We next used immunoprecipitation assays to measure binding efficacy between myc-tagged forms of β-catenin and LEF-1, using an anti-HA antibody to pull down ectopic HA-LEF-1. Remarkably, the trends observed in the immunoprecipitation experiments (Fig. 7E) were almost identical to that seen with the PLA (Fig. 7D). β-Catenin-WT showed the strongest interaction, and relative to this the S191A mutation caused a small (∼20%) reduction in binding, whereas the S605A mutation caused a ∼50% reduction in β-catenin–LEF-1 binding (Fig. 7F). Collectively, these data suggest that Rac1-mediated phosphorylation of β-catenin at S605 and S191 enhances complex formation between β-catenin and LEF-1, with S605 playing a more critical role (Fig. 7G).
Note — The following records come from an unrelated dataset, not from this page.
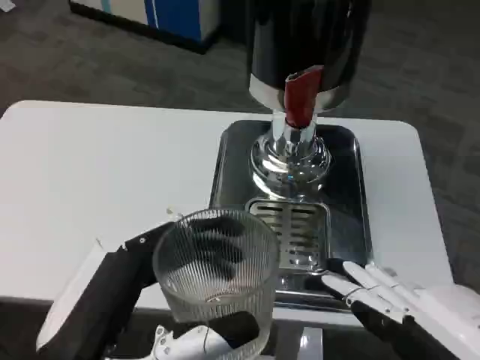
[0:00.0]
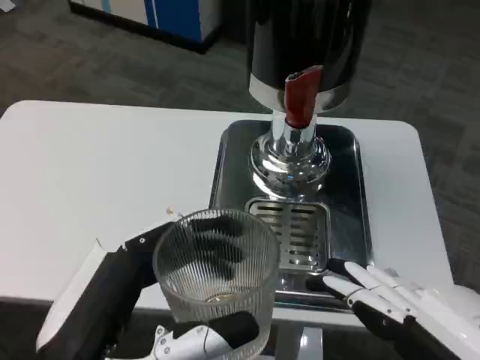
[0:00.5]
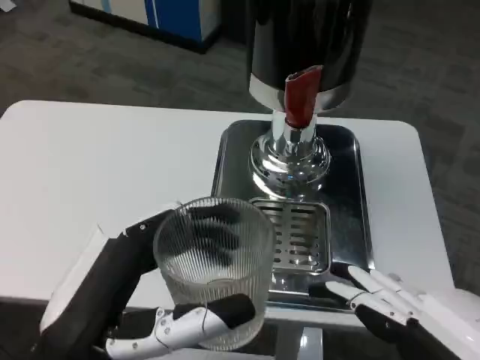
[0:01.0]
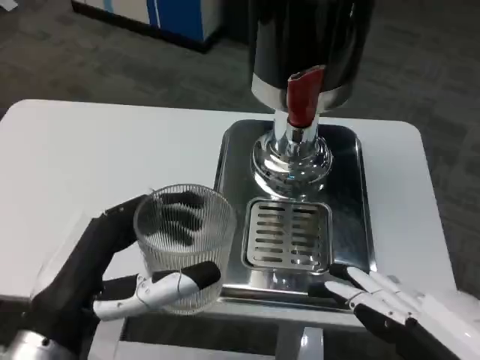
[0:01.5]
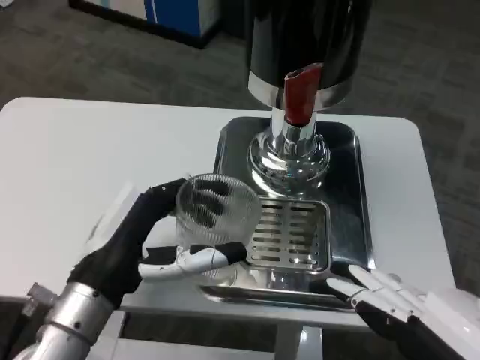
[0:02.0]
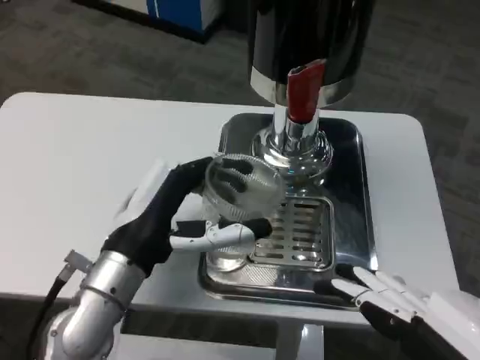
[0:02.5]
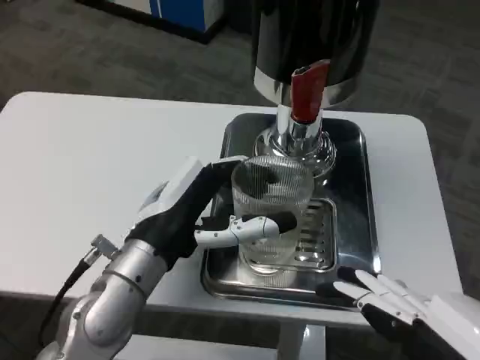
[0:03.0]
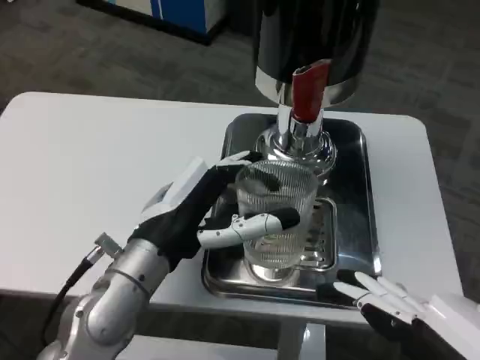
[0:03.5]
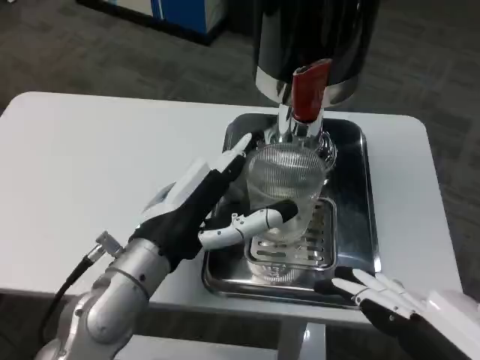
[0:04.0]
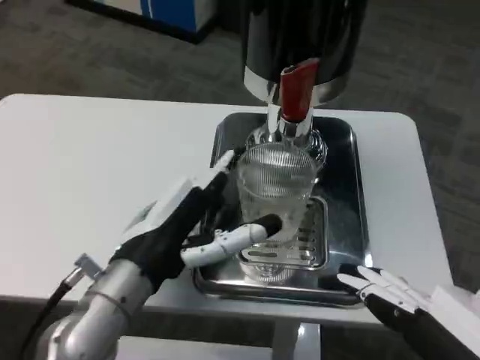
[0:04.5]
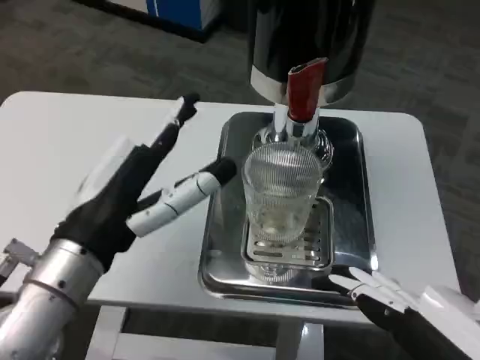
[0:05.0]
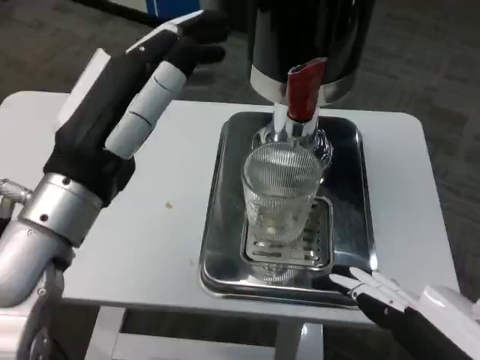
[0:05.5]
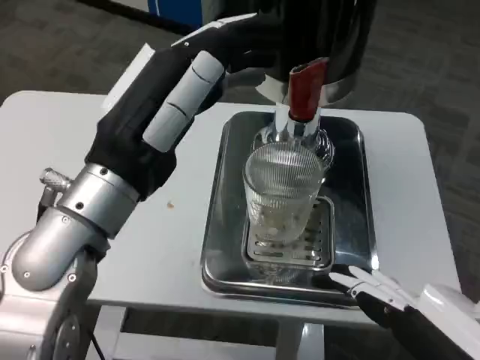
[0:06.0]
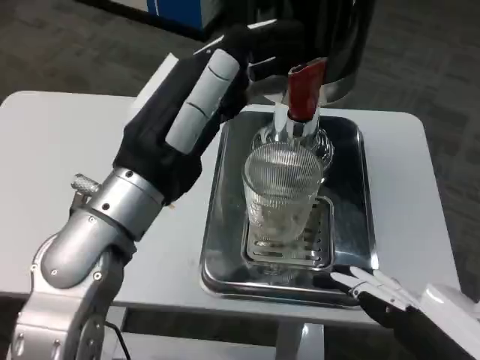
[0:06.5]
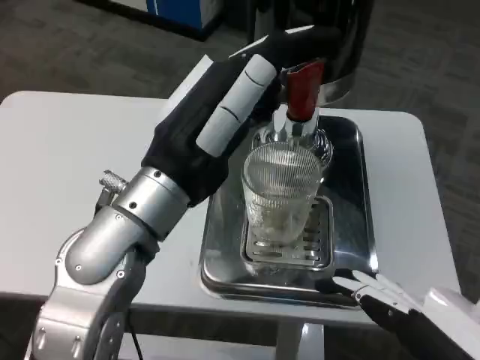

In this study we demonstrate that Rac1 does not affect the nuclear-cytoplasmic distribution of β-catenin in the absence or presence of Wnt, contrary to current theories (Wu et al., 2008; Phelps et al., 2009). Our findings instead suggest that Rac1 enhances the interaction between β-catenin and LEF-1, providing a plausible new explanation for the role of Rac1 in augmenting transactivation of Wnt target genes. The extensive cell imaging of PLA data identified specific subcellular distribution patterns of Rac1–β-catenin complexes, which varied with Rac1 activation status, and indicate that both activation of Rac1 and Wnt stimulation drive the nuclear accumulation of a pool of β-catenin–Rac1 complexes. We propose that this stimulates binding of β-catenin to LEF-1, leading to enhanced Wnt signaling responses. Indeed, increased levels of active Rac1 (GTP bound) were previously found in murine intestines where Wnt is constitutively activated due to loss of APC (Malliri et al., 2006; Myant et al., 2013). Our model (Fig. 8) details the proposed steps for Rac1 involvement in canonical Wnt signaling: (1) activation (GTP-loading) of Rac1 reduces its association with the plasma membrane and causes active Rac1–β-catenin complexes to dissociate from the membrane, (2) these active Rac1–β-catenin complexes translocate to the cytoplasm and nucleus, (3) active Rac1 mediates the phosphorylation of β-catenin at S191 and S605 via JNK2 kinase in the cytoplasm and possibly the nucleus, and (4) the newly phosphorylated β-catenin preferentially binds to LEF-1 to boost gene transactivation.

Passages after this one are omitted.